Now, anyone who has tracked Civiqs’ job approval numbers for Trump knows that they barely move. Public opinion is static. Mixing and matching other public polling gives the illusion of movement. (Trump is up three points! He’s down four!) Crappy pollsters accentuate that perception. But in reality, we’re locked in as a country. Think about it: You don’t know anyone who changes her or his mind regularly about Trump. It’s a big deal when anyone changes their mind about Trump.
Our partisan preference has become a deeply ingrained part of our own identities. Geographic polarization makes it even more so. Imagine someone in Manhattan declaring they were now a Trump supporter. His entire social circle would recoil in horror, leaving that individual isolated. Well, the same dynamic plays out in a rural town. It’s tough going against the grain. No one wants to lose their friends or social standing. No one wants to admit that they’ve been living a lie. That’s why conservative media exists—to allow conservatives to step outside reality and continue believing the unbelievable.
So this movement matters:
Yes, it’s a tiny uptick in disapproval, from 44-53 to 43-54. Just two points! But look at how steady that line is. That’s hundreds of thousands of respondents.
Also remember, Republicans are locked-in in support (90-7 approve), and Democrats are locked-in in opposition (95-4 disapprove). Those numbers haven’t moved in ... forever. And they won’t, no matter what. Remember what Trump said? “I could stand in the middle of 5th Avenue and shoot somebody and I wouldn't lose voters.” He was right. He’s actually helped kill thousands in New York and he won’t lose any of his supporters. So that necessarily limits the ability of Trump’s overall numbers to shift.
But check out independents:
That’s a shift from 45-51 approvals to 42-54—a 6-point drop. This line isn’t as steady as the overall line; this is a more erratic population.

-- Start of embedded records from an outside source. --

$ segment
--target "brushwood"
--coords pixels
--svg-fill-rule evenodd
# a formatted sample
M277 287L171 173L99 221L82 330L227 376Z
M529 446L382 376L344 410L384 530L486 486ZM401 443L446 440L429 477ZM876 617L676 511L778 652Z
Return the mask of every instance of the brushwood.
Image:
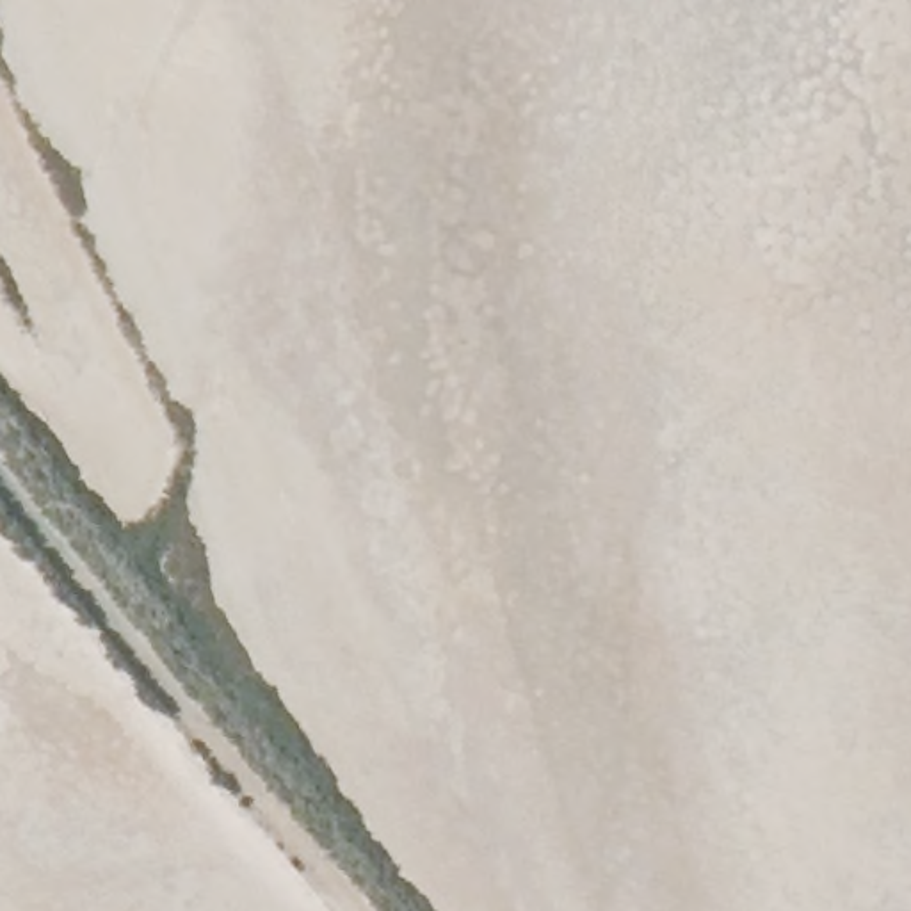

But again, Trump is already suffering these drops, and we haven’t even seen the full effect of his disastrous coronavirus policy—from the prospect of tens of thousands of new deaths, to the economic devastation the pandemic has already wrought. And it’s not as if his daily airing of grievances is giving him a boost anymore. Quite the opposite.
Six of the seven battleground states are balanced on a razor’s edge, and Georgia has a slight Trump lean. He can’t afford to be losing a single voter in any key state. And yet independents are looking sketchy in all seven of them:
The more orange the state, the higher the disapprovals, and that’s a lot of orange in the battleground states. Trump is losing independents in Arizona 36-60! In Florida it’s 42-54, in Georgia 39-55, in North Carolina 38-59, in Pennsylvania 46-50, and in Wisconsin 44-53. The lone anomaly is Michigan, where Trump is winning independents 49-46—but even that is down from 51-44. Presumably, Michigan independents are more Tea Party-flavored. (Checking in on the 2016 exit polls, and yeah, it tracks. Trump won Michigan independents 52-36 while winning them nationally by only a 46-42 margin.)
Anyway, that’s a lot of words and graphs to show that yes, independents don’t seem to be into Trump’s inaction in the face of our mass death event, and it’s affecting his standing in the key battleground states.